Doesn't matter, they were compared with other Seventh Day Adventists.
Similiar results were seen in huge studies of Iowa post menapausal
women, the Harvard Nurses' study and their Health Proffessional's
Study.
> Yes, eat nuts. I'm reasonably sure they're good for you. But the quality of
> the evidence is not so good as it is for statins.
>
There is no evidence at all for statins except in heart patients, and
very little for heart patients without high choelesterol.
>
> >Moderate and high levels of Vit. C vs. less than 60mg
> >appear to do about the same for men.
>
> Men who drink. You get a 30% drop in mortality if you don't have the very
> lowest vitamin C levels. Big deal. And again, it's retrospective.
>
> SBH
They were prospective, not retrospective studies and more like 40, not
30%, that's about five extra years of life. And yes it is a big deal.

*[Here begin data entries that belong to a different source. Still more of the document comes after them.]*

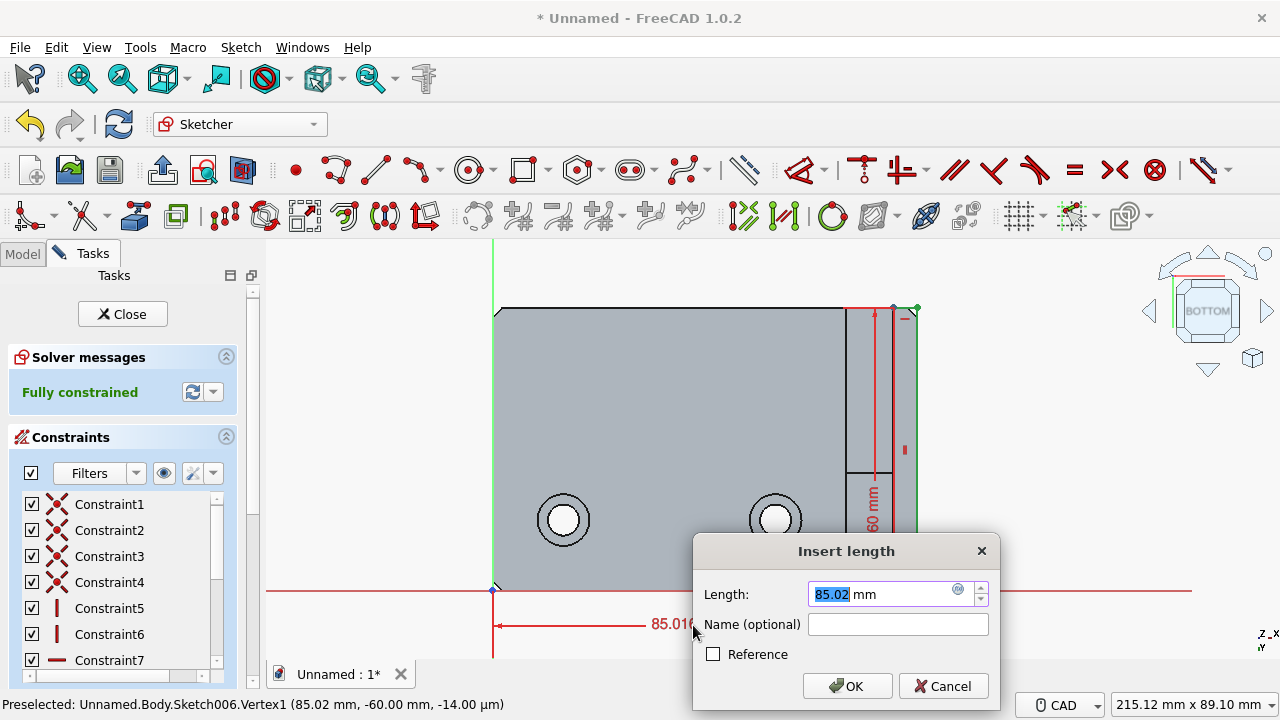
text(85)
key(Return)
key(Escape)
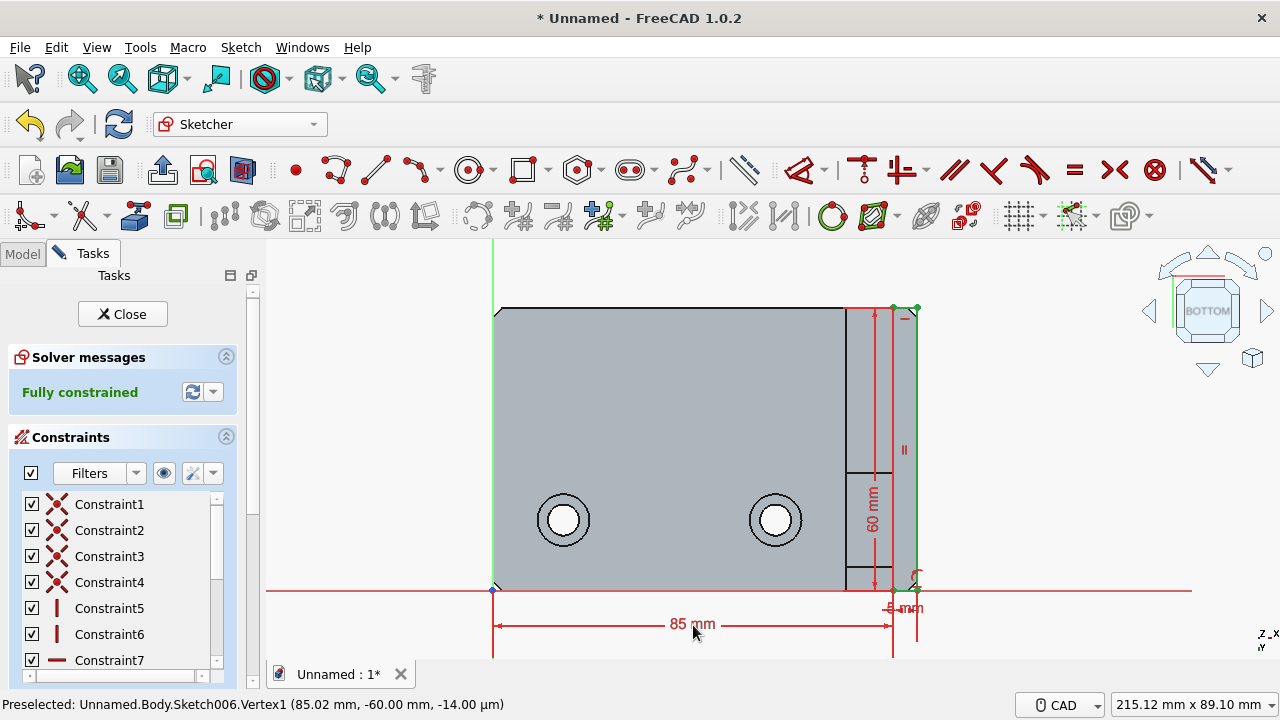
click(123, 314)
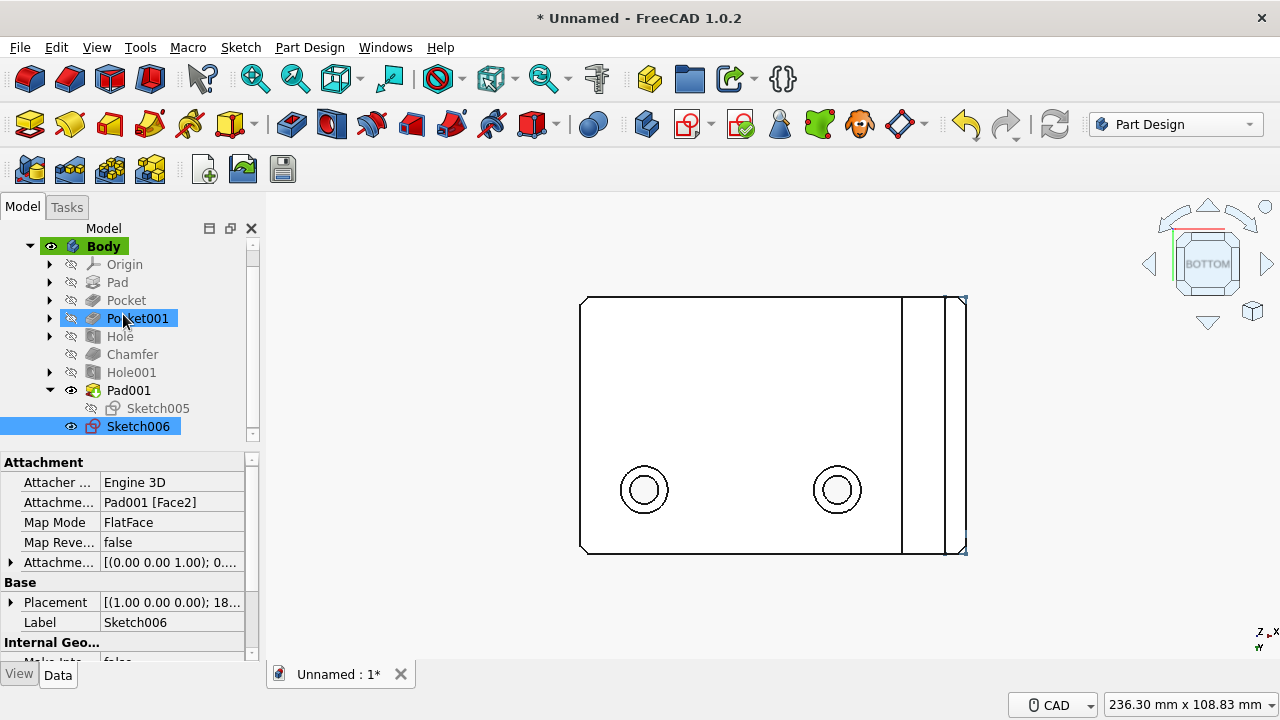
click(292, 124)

But yes you have hit on one of the major objections to the
epidemioligic vitamin studies. They compared the highest or the rest
of the quintiles/quartiles with the lowest. The full text of the
papers shows the highest vs. the average, or the middle group to much
less spectacular. Every one likes to select their statistics.
Here is one of the most favorable studies.
Established Populations for Epidemiologic Studies of the Elderly
Losonczy KG; Harris TB; Havlik RJ
(96302127 NLM)
We examined vitamin E and vitamin C supplement use in relation to
mortality risk and whether vitamin C enhanced the effects of vitamin E
in 11,178 persons aged 67-105 y who participated in the Established
Populations for Epidemiologic Studies of the Elderly in 1984-1993.
Participants were asked to report all nonprescription drugs currently
used, including vitamin supplements. Persons were defined as users of
these supplements if they reported individual vitamin E and/or vitamin
C use, not part of a multivitamin. During the follow-up period there
were 3490 deaths. Use of vitamin E reduced the risk of all-cause
mortality [relative risk (RR) = 0.66; 95% CI: 0.53, 0.83] and risk of
coronary disease mortality (RR = 0.53; 95% CI: 0.34, 0.84). Use of
vitamin E at two points in time was also associated with reduced risk
of total mortality compared with that in persons who did not use any
vitamin supplements. Effects were strongest for coronary heart disease
mortality (RR = 0.37; 95% CI: 0.15, 0.90). The RR for cancer mortality
was 0.41 (95% CI: 0.15, 1.08). Simultaneous use of vitamins E and C
was associated with a lower risk of total mortality (RR = 0.58; 95%
CI: 0.42, 0.79) and coronary mortality (RR = 0.47; 95% CI: 0.25,
0.87). Adjustment for alcohol use, smoking history, aspirin use, and
medical conditions did not substantially alter these findings. These
findings are consistent with those for younger persons and suggest
protective effects of vitamin E supplements in the elderly.
And this is from the NHANES study.
. Men who consumed at least 300 mg of ascorbic acid suffered 41
percent fewer deaths during that period compared with men who took
only 50 mg, in their food. They lived on the average 6 years longer.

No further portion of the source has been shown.